Beginning with the line below that contains "outline: (-62.37, 11.96)" and ending with the line that contains "Q5. Cut at D-D, the", copy every line exactly. Copy nothing else.

Stored data START

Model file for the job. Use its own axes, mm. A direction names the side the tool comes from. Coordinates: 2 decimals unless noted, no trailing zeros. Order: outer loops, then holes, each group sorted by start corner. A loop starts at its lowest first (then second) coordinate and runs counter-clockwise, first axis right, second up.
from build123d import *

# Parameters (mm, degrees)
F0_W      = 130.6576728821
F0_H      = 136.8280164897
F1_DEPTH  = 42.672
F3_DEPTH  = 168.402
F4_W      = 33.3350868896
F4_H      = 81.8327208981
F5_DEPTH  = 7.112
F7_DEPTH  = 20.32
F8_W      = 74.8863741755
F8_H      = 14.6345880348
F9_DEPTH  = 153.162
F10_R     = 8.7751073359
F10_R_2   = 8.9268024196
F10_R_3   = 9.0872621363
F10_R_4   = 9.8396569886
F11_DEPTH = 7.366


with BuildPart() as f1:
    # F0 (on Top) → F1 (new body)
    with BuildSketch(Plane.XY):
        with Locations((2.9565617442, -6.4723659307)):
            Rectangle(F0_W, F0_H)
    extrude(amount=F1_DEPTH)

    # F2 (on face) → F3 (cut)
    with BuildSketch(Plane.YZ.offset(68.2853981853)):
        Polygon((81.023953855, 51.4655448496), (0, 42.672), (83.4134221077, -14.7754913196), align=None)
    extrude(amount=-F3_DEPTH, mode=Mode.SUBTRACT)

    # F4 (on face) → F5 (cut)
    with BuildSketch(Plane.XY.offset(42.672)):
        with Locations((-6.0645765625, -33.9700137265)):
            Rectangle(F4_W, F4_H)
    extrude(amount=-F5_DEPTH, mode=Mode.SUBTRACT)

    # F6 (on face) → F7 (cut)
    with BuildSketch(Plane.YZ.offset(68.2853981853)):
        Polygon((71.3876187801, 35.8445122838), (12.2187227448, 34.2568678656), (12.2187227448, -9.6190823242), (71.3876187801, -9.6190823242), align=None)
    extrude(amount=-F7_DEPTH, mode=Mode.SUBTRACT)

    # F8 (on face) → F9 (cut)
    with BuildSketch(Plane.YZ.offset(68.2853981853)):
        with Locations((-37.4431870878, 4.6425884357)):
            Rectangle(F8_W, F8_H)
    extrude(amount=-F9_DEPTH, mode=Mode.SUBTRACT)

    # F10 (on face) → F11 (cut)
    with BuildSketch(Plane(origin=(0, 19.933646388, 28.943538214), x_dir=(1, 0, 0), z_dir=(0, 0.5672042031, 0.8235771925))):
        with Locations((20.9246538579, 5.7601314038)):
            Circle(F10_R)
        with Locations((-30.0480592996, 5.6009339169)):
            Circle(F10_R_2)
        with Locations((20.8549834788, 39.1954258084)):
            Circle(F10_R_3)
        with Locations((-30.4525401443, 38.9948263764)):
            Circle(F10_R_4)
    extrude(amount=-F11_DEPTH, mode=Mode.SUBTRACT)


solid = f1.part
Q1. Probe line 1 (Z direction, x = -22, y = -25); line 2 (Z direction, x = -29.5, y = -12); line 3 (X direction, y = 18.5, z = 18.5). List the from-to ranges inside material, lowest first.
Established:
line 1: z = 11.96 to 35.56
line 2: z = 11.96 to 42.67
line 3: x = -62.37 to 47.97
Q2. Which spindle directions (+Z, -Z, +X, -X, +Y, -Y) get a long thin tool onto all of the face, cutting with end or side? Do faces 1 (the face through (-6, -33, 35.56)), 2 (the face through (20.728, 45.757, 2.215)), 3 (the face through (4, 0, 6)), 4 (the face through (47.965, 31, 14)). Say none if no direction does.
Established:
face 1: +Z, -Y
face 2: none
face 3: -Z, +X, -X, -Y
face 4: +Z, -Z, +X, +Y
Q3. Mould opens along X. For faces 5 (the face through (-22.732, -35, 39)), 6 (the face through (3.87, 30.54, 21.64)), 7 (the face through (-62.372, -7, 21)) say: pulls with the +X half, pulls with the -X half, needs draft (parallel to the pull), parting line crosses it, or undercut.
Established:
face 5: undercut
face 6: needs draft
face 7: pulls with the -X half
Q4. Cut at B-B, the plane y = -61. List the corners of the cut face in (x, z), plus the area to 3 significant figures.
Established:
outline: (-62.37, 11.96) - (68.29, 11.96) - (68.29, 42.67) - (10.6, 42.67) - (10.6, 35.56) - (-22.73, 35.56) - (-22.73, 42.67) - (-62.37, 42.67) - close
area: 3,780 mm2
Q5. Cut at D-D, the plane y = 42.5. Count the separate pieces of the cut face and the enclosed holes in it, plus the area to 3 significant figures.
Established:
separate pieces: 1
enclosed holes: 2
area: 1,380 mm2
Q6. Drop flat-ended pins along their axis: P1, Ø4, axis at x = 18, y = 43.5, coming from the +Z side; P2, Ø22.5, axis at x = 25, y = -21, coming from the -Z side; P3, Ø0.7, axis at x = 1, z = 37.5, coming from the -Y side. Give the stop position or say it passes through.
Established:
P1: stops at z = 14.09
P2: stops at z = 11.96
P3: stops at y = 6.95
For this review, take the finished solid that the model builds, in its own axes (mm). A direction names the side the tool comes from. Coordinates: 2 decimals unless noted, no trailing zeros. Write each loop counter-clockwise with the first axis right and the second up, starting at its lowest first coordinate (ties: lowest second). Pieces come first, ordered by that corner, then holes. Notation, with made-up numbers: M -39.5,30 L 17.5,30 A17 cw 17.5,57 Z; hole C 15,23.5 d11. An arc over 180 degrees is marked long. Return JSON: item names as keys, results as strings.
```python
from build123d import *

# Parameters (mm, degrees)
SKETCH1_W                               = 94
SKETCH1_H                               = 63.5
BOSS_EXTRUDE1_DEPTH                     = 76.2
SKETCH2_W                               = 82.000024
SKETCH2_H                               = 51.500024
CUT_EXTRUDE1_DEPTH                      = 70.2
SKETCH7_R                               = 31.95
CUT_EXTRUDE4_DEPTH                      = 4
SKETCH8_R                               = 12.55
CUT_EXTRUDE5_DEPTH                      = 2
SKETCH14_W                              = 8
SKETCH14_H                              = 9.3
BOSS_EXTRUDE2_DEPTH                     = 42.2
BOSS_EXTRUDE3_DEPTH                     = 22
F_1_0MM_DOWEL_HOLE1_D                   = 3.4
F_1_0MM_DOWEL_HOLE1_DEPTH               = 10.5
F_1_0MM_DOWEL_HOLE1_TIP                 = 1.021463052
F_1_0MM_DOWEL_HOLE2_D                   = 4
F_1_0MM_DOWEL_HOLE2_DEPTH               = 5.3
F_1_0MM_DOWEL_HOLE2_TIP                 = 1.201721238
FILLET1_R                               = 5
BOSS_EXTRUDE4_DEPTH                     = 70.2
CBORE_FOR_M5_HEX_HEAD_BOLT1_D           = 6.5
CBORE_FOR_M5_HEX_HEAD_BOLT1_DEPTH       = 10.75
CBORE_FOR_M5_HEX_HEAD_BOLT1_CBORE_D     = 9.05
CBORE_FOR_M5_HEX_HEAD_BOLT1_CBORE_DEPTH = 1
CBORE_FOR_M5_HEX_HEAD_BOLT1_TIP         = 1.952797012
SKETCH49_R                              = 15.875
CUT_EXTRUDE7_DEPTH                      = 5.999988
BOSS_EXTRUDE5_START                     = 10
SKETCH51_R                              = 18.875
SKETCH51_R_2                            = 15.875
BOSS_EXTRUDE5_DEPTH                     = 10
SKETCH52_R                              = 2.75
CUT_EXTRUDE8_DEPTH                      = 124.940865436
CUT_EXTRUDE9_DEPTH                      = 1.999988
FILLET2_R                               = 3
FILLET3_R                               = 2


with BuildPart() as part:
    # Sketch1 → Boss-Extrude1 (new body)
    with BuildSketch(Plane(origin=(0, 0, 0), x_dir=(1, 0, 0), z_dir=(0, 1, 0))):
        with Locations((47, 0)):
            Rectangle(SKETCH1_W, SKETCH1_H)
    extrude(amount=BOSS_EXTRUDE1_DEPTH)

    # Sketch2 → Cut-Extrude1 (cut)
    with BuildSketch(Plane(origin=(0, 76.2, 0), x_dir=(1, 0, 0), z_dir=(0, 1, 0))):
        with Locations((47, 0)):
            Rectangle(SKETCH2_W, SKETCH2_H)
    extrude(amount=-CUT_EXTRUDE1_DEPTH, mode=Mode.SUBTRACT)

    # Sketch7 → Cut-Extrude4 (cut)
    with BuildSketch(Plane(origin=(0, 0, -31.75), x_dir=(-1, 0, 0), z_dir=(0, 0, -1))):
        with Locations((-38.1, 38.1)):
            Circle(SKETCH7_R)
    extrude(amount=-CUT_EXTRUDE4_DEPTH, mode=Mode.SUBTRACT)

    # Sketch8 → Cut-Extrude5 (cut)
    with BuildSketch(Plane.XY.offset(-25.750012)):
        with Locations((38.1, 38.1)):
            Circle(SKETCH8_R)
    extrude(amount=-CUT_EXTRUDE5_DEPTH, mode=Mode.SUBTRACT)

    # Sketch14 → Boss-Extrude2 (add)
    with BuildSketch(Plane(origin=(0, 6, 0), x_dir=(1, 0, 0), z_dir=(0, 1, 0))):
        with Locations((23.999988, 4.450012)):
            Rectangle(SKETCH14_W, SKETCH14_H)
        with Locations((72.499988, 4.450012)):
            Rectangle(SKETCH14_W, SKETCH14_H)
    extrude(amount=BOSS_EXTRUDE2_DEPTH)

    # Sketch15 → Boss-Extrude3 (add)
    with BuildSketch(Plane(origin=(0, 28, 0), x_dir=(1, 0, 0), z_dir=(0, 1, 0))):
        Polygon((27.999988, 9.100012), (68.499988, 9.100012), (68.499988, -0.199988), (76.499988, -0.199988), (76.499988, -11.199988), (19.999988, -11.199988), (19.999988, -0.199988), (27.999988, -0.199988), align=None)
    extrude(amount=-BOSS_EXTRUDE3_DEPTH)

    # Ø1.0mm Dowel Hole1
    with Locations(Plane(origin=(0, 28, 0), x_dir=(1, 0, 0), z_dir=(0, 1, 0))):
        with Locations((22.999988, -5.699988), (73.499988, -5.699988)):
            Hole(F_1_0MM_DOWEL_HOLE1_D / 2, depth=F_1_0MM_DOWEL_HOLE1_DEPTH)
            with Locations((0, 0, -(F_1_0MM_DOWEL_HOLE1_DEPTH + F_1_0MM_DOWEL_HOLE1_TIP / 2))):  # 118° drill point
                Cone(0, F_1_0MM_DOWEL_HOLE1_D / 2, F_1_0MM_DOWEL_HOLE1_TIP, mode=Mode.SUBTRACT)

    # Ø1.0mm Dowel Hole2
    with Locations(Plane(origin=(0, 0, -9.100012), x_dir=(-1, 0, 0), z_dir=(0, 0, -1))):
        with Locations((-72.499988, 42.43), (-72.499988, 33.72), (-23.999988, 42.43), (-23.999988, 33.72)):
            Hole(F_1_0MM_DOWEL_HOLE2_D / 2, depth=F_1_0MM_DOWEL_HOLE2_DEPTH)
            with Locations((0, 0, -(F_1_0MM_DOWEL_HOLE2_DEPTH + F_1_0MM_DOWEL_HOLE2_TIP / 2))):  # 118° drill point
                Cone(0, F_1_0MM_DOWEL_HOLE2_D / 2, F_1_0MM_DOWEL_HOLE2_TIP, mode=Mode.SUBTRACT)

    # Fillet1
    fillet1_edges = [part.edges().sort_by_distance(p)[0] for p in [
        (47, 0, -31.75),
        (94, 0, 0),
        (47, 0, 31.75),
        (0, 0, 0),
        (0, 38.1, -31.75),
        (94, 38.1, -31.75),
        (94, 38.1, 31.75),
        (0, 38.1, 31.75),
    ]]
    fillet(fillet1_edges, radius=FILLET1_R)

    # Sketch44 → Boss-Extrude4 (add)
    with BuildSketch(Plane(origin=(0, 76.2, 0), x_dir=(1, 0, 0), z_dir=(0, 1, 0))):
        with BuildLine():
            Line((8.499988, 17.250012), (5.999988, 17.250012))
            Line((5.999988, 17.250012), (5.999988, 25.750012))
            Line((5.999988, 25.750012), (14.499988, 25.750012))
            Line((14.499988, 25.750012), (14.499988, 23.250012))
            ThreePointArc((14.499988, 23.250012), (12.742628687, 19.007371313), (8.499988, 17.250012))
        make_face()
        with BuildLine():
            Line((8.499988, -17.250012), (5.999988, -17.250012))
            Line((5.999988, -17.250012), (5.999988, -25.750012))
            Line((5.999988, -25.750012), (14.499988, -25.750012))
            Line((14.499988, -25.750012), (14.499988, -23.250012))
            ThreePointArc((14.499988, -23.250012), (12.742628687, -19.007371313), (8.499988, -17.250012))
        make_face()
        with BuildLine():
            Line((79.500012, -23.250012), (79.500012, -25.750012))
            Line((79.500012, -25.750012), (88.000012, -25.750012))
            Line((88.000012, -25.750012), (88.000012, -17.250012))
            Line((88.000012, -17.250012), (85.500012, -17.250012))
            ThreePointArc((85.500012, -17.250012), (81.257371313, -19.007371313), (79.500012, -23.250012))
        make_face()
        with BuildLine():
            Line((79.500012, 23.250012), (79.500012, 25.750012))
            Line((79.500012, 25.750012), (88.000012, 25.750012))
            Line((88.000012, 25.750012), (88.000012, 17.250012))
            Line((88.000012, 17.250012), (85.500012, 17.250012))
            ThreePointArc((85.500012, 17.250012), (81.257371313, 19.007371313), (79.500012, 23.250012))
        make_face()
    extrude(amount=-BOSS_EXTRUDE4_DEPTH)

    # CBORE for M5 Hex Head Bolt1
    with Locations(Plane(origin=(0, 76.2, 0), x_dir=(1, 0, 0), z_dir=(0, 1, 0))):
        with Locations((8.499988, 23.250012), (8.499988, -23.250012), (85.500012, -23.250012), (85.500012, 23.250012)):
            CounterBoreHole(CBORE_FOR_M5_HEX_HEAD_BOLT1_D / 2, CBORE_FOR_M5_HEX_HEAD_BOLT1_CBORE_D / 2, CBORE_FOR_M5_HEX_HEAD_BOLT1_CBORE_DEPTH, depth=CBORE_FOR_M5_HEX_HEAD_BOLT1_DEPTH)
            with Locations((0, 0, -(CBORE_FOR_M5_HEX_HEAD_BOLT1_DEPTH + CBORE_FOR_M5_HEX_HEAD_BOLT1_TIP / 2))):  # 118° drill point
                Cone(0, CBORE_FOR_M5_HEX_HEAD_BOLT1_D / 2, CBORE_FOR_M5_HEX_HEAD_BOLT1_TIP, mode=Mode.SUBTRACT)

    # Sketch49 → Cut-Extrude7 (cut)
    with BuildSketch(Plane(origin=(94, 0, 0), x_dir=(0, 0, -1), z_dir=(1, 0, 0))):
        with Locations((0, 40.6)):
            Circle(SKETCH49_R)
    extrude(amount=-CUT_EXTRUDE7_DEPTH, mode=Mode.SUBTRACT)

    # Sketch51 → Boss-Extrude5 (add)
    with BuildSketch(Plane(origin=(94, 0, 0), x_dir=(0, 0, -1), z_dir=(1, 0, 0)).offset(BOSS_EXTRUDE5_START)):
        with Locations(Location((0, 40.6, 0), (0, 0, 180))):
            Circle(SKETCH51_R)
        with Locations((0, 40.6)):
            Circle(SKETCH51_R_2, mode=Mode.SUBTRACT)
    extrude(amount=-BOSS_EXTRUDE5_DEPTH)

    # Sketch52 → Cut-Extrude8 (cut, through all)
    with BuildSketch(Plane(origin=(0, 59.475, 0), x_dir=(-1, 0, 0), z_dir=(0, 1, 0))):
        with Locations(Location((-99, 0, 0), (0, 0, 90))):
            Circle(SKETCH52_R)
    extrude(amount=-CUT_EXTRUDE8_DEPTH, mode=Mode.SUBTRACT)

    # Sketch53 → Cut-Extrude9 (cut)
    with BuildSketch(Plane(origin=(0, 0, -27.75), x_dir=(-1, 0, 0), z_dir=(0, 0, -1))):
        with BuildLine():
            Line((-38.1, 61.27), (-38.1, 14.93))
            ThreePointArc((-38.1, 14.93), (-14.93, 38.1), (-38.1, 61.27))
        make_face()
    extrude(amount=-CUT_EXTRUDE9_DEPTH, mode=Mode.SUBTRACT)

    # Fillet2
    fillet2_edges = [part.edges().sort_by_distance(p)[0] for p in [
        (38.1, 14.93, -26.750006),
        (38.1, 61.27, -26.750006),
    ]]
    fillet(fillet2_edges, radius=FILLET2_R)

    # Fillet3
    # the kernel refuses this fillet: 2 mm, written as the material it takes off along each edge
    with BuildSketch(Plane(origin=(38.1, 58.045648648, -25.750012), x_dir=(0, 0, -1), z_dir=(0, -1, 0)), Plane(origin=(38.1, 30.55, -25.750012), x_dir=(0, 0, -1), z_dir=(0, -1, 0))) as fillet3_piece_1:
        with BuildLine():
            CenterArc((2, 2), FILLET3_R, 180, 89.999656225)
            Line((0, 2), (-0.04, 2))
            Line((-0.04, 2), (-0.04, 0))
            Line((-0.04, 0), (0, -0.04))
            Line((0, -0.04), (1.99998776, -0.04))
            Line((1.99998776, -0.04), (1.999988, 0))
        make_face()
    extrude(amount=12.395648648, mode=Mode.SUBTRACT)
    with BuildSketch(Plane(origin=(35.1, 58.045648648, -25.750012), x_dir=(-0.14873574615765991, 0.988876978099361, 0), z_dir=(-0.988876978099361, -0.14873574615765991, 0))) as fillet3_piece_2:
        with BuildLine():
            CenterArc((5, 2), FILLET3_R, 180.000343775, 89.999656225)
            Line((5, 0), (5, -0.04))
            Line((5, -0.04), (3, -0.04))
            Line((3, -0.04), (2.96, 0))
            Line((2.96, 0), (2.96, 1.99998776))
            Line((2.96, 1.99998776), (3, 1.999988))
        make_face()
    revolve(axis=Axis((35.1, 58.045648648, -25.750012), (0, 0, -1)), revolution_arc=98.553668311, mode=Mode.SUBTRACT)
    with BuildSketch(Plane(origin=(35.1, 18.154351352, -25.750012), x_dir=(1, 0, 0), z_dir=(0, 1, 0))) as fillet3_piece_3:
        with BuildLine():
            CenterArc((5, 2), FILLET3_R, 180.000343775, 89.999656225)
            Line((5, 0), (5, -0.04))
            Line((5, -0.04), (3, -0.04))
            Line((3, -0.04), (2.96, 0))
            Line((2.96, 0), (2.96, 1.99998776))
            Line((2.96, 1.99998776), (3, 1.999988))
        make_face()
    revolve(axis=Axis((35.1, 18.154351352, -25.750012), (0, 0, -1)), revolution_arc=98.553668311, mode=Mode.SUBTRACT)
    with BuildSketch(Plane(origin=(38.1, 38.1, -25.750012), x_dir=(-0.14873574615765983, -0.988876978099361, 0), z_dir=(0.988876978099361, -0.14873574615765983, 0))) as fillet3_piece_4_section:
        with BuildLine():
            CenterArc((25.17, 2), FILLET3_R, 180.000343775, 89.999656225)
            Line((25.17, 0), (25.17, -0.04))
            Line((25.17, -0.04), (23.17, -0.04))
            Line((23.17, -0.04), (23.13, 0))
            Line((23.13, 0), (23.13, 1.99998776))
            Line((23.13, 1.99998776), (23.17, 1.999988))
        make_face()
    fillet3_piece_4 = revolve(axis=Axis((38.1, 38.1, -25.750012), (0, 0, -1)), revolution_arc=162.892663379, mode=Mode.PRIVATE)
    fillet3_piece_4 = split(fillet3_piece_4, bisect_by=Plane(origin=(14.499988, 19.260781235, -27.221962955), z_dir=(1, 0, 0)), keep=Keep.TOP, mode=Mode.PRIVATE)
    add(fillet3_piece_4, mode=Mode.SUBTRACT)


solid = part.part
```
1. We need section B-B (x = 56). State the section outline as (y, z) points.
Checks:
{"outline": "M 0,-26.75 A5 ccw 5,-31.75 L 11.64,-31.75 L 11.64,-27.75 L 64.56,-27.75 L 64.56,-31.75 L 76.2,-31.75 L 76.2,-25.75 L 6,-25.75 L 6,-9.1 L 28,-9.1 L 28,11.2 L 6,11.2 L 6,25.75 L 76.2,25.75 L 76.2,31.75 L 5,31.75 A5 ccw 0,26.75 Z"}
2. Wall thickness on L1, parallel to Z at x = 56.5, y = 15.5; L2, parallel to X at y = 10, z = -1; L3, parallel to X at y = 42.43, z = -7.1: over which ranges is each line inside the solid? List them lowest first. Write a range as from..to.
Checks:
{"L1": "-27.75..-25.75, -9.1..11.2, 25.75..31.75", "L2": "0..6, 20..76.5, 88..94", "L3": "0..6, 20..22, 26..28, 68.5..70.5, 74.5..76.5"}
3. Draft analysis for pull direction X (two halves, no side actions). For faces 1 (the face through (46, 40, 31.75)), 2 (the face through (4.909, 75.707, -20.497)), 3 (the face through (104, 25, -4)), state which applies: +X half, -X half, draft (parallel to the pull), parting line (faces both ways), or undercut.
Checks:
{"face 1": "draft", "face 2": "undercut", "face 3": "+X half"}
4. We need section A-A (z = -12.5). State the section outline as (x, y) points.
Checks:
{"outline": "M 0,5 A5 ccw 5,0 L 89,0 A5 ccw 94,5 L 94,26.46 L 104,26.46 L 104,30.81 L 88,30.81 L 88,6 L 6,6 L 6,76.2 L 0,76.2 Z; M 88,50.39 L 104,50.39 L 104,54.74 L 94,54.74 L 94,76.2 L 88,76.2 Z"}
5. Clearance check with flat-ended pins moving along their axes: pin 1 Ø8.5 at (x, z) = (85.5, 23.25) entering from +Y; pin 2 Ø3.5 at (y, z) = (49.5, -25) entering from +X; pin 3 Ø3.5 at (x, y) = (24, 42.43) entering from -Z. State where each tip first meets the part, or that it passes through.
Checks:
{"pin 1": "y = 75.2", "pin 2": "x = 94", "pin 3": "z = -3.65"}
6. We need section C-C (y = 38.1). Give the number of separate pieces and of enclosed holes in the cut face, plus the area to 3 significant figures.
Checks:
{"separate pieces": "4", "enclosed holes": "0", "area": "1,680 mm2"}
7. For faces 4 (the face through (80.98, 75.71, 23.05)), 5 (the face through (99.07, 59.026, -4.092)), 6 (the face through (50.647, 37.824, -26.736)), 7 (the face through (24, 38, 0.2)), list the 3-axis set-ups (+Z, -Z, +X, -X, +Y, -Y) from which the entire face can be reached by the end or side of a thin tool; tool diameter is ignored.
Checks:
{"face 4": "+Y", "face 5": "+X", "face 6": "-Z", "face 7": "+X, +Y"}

Stored data END

Reply:
outline: (-62.37, 11.96) - (68.29, 11.96) - (68.29, 42.67) - (10.6, 42.67) - (10.6, 35.56) - (-22.73, 35.56) - (-22.73, 42.67) - (-62.37, 42.67) - close
area: 3,780 mm2
Q5. Cut at D-D, the plane y = 42.5. Count the separate pieces of the cut face and the enclosed holes in it, plus the area to 3 significant figures.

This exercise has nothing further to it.